Here’s how to get back on track
If you are a student in college or a career training school, you probably have already figured out that it’s a lot harder than high school! The homework and exams may be more challenging than you expected, and the workload may be hard to manage. If you are starting to fall behind, don’t panic. There are things you can do to get back on track and make the most out of your post-secondary education. Try these tips if you are having trouble.
Talk to your instructors
Unlike in high school, the college and career school instructors treat you like an adult. They give you the responsibility for your grades and your education. But just like your high school teachers, they want you to succeed. If you are falling behind, schedule a time to talk to your instructors. Explain the problems you are having, and ask them to help you create a plan to get back on track. They may be able to recommend tutoring or web resources that can help you understand your courses better. If your instructors know that you want to learn, they will want to help you!
Attend every class
Now that you are in college or career school, there’s no one watching over your shoulder to make sure you attend your classes. It’s important for you to have the self-discipline to go to all of your classes. Your instructors pack a lot of learning into every single class, so skipping even one class can set you back. And once you get behind, it can be a slippery slope of missing even more classes. If you do have to miss a class due to sickness or some other unavoidable issue, then be sure to get the class notes from a trusted friend, and ask the teacher what you can do to make up the missed work.
Make studying your job!
While your classes meet at a specific time every day, you do not have a specific assigned time to study. This makes it easy to procrastinate and put off your studying. But in order to succeed, you will need to have dedicated study time every day. The best way to do this is to pretend that studying is a job. Set aside a block of time (two to three hours) every day, and show up every day, just like you would for a job! When test time is coming up, try these steps to prepare for your test.

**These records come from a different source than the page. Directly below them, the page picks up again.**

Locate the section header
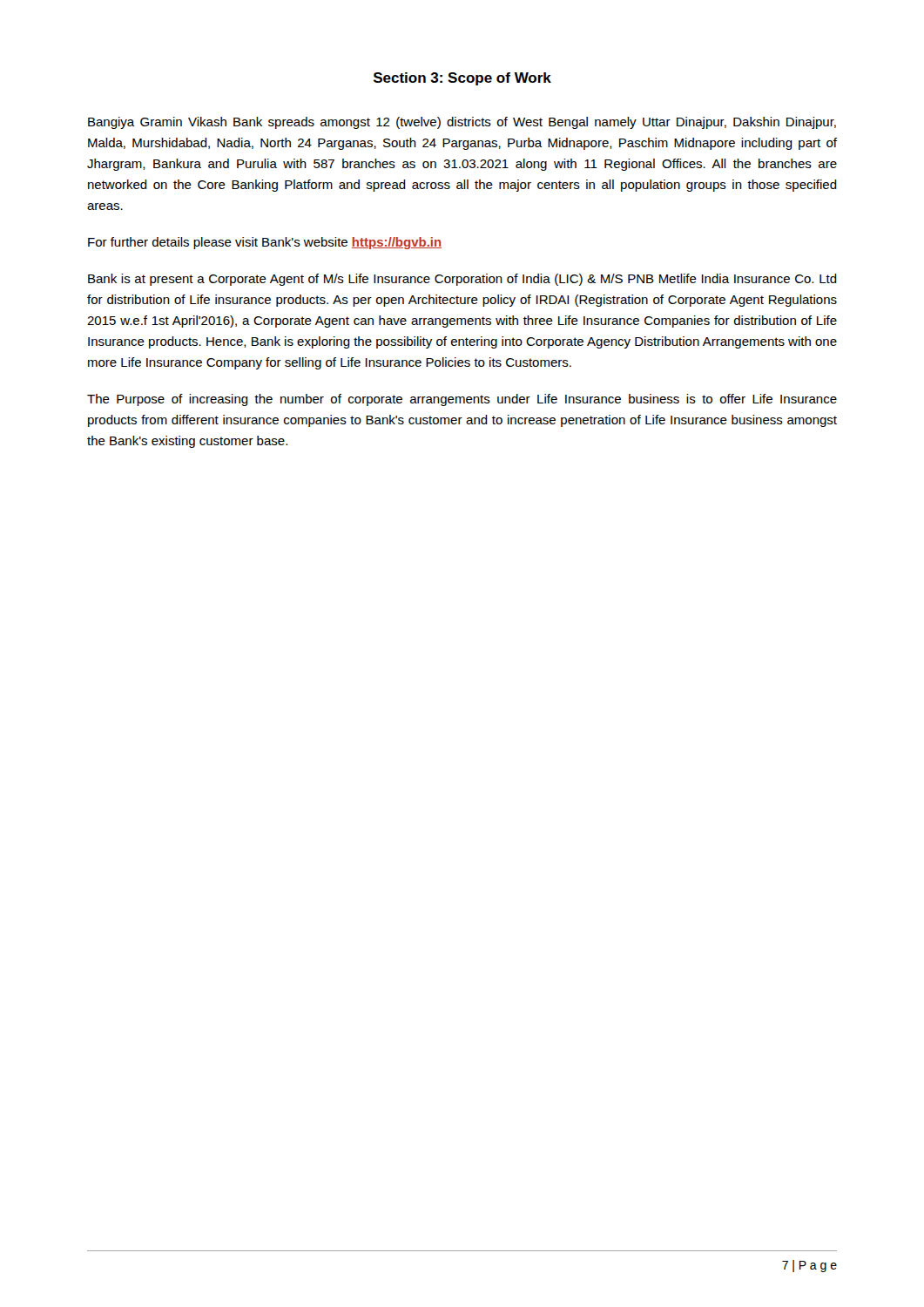The image size is (924, 1307). [462, 78]
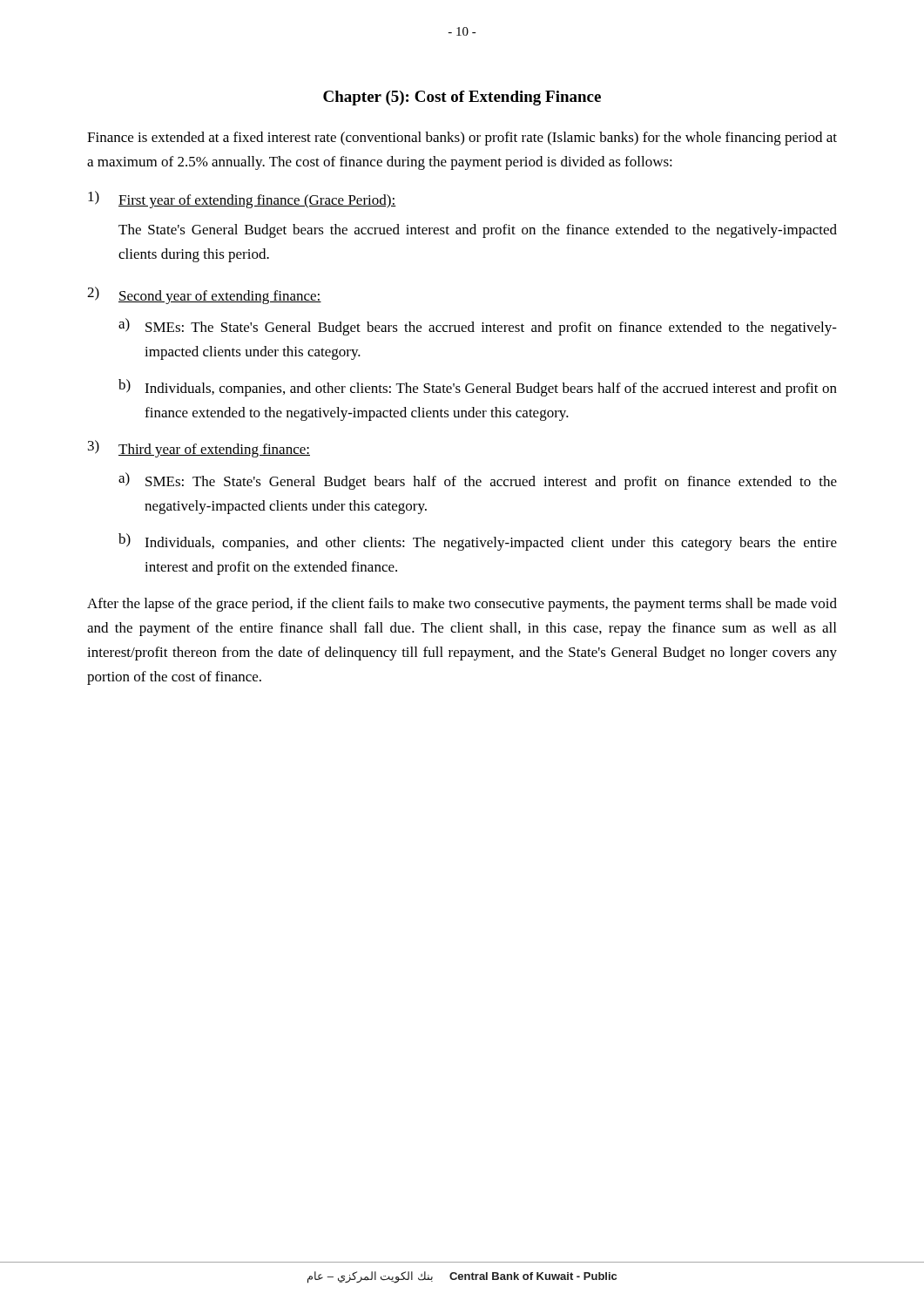Locate the block of text that opens with "The State's General Budget bears the accrued interest"
Viewport: 924px width, 1307px height.
(478, 242)
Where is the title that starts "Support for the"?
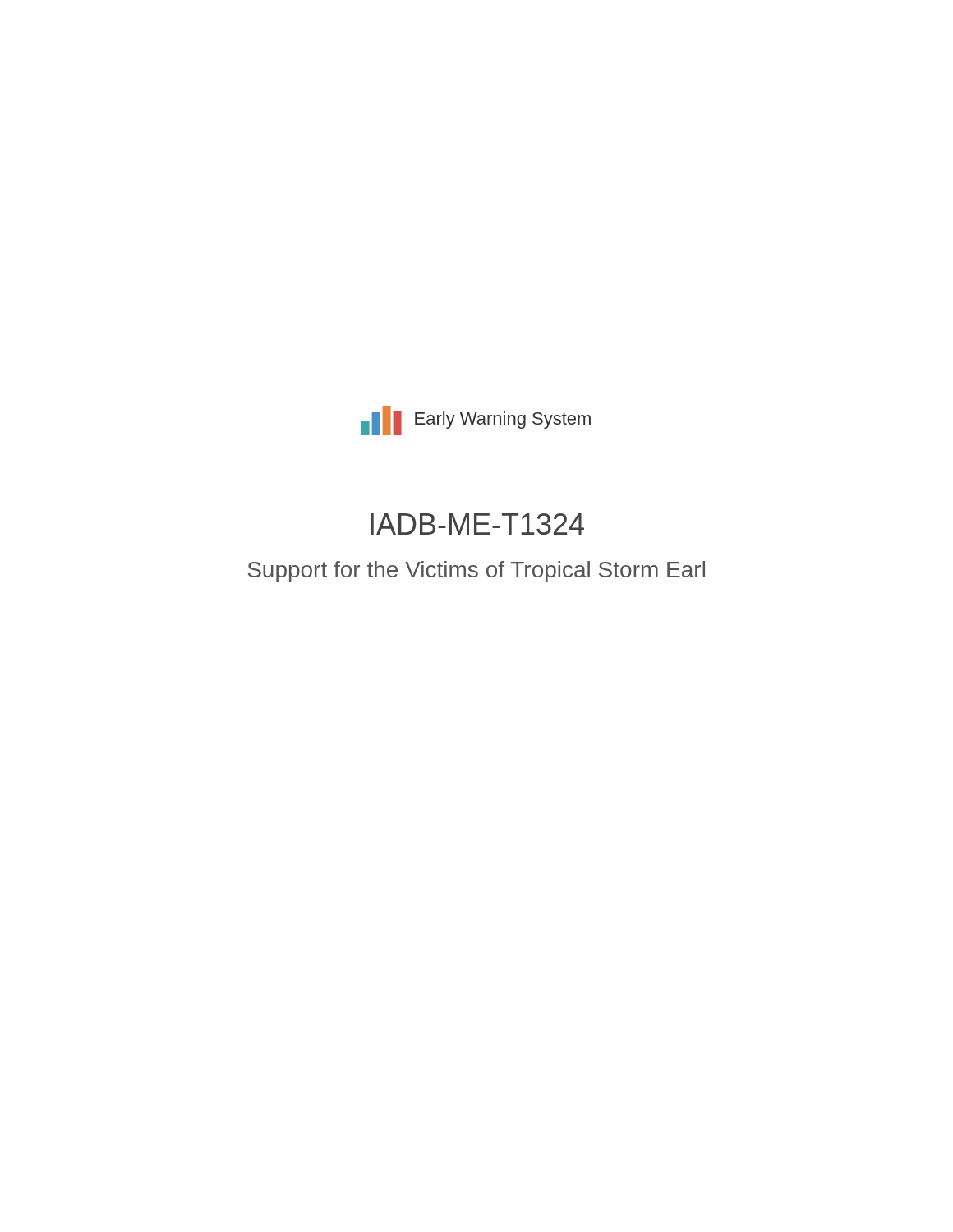The image size is (953, 1232). click(x=476, y=570)

Choose a seat in the front of class
Do you typically sit in the back of class and try to avoid participating? Have you ever tried sitting in the front instead? It’s amazing how much better you pay attention if you sit in the front. It feels like you’re right in the center of the action, and it’s easier to keep your mind focused on the lesson. It also helps to participate in class. Set a goal for yourself to raise your hand at least once each class period to ask a question or answer a question. Getting involved will help your mind engage with the subject matter. Here are some great tips for improving your classroom participation.
If at first you don’t succeed, try again
Your instructors do not expect you to be perfect! And the good news is that making mistakes is a great way to learn. When you get your homework and exams back, be sure to look at the mistakes you made. Is there something you don’t understand? Can you figure out what you did wrong? Would you know how to answer the questions now? If you take the time to learn from your mistakes, you can go far!
With these suggestions, you should be able to improve your performance in school and ultimately improve your enjoyment of school. Your education is the first step toward your future career, and it’s important to put the effort into achieving the kind of success you want. More than anything else, never give up! With the right attitude and work ethic, you can get back on track!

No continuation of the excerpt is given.